How I built an interactive 3D visualization of neural network inference using WebGL, ONNX Runtime, and React Three Fiber.


Building a Real-Time Neural Network Visualizer

This has been one of my favorite projects to work on. Neural networks always get called "black boxes" and I wanted to actually see what happens when one processes an image. Not some simplified diagram, but real data from a real model running in the browser.

What It Does

Upload an image and watch MobileNetV2 process it in real-time. You'll see:

  • A glowing signal packet traveling through the network layers
  • Each layer lighting up based on how strongly it activates
  • The top predictions with confidence scores
  • Feature maps showing what patterns each layer detected
  • An attention heatmap showing where the network focused

The whole thing runs client-side with no backend. Your images never leave your browser.

How It Actually Works

Here's the real flow when you upload an image:

  1. Preprocess - Resize to 224x224, normalize with ImageNet stats
  2. Run Inference - ONNX Runtime executes MobileNetV2 via WebAssembly
  3. Extract Activations - Pull intermediate outputs from each layer (not just the final prediction)
  4. Compute Metrics - Calculate energy and sparsity for each layer from the raw activation data
  5. Animate - Play the forward pass animation with the signal packet weaving through layers

The key insight is that modern ONNX models can expose intermediate layer outputs, not just the final classification. I modified MobileNetV2 to output activations from every major block.

The Tech Stack

ONNX Runtime Web handles the actual neural network inference. It runs the model via WebAssembly which is surprisingly fast for browser-based ML. The model loads once on page load, then inference takes around 100-200ms per image depending on your device.

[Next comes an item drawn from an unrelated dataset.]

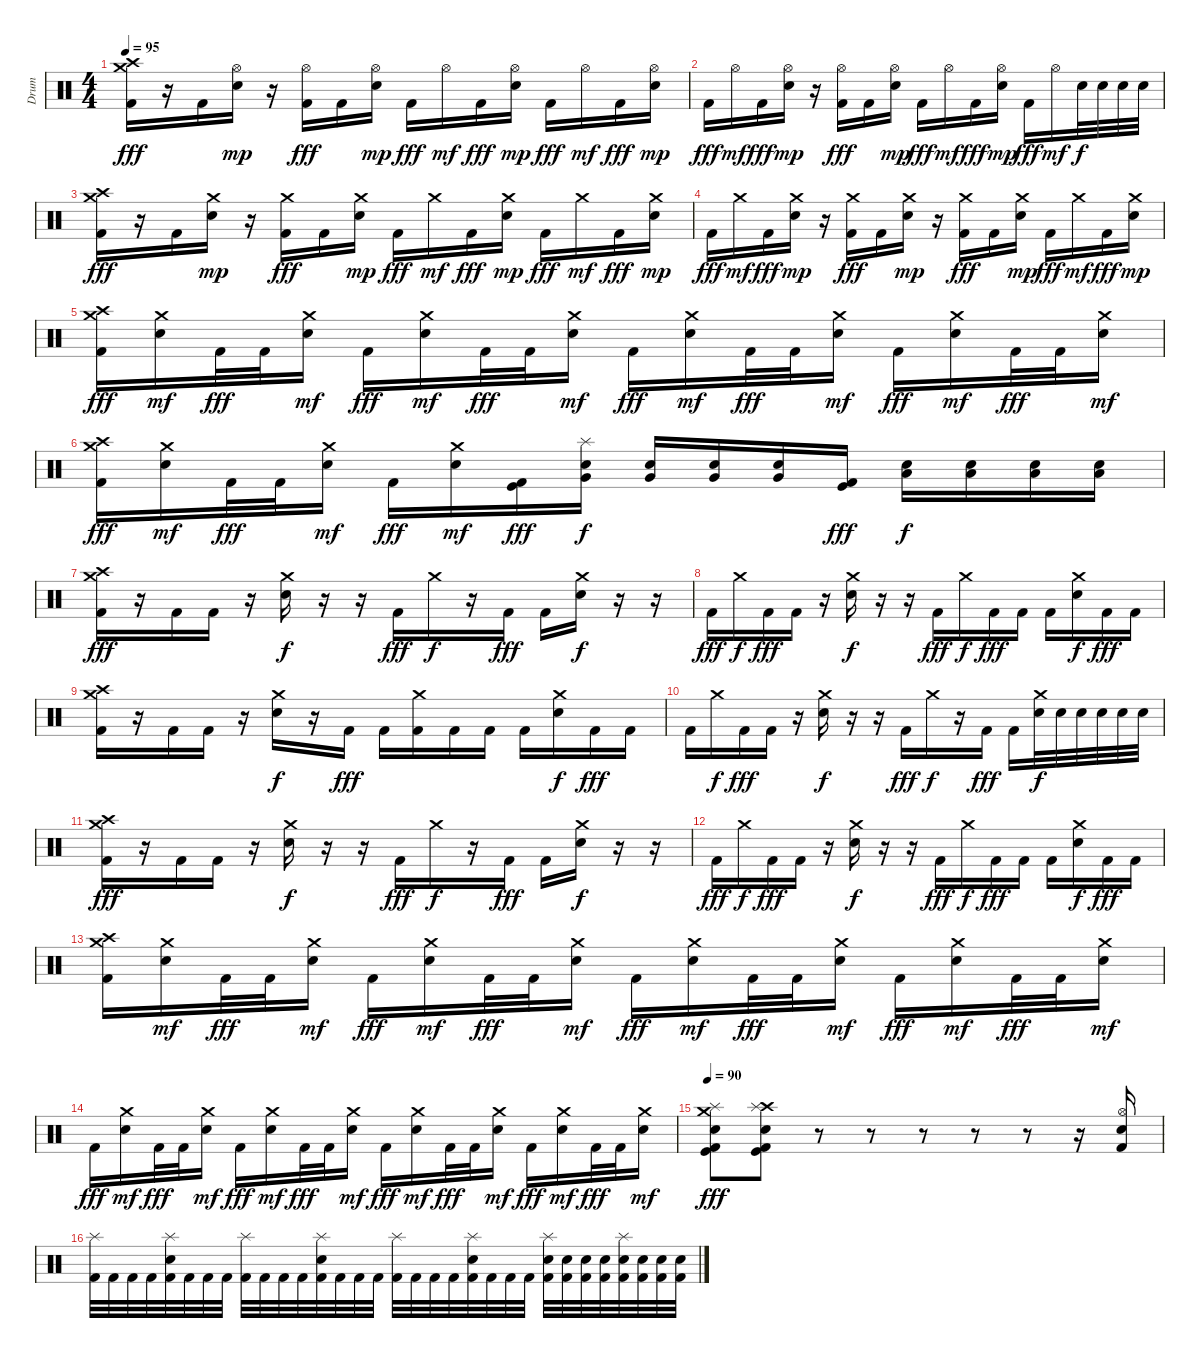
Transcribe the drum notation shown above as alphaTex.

React Three Fiber renders the 3D visualization. Each network layer is a grid of instanced sphere meshes. Instancing is important here because we're rendering hundreds of nodes and instanced meshes share geometry, cutting down on draw calls.

Custom Animation System controls the signal packet that travels through the network. It uses requestAnimationFrame for smooth 60fps animation. The packet's path through each layer is seeded by the inference result, so different images produce different paths.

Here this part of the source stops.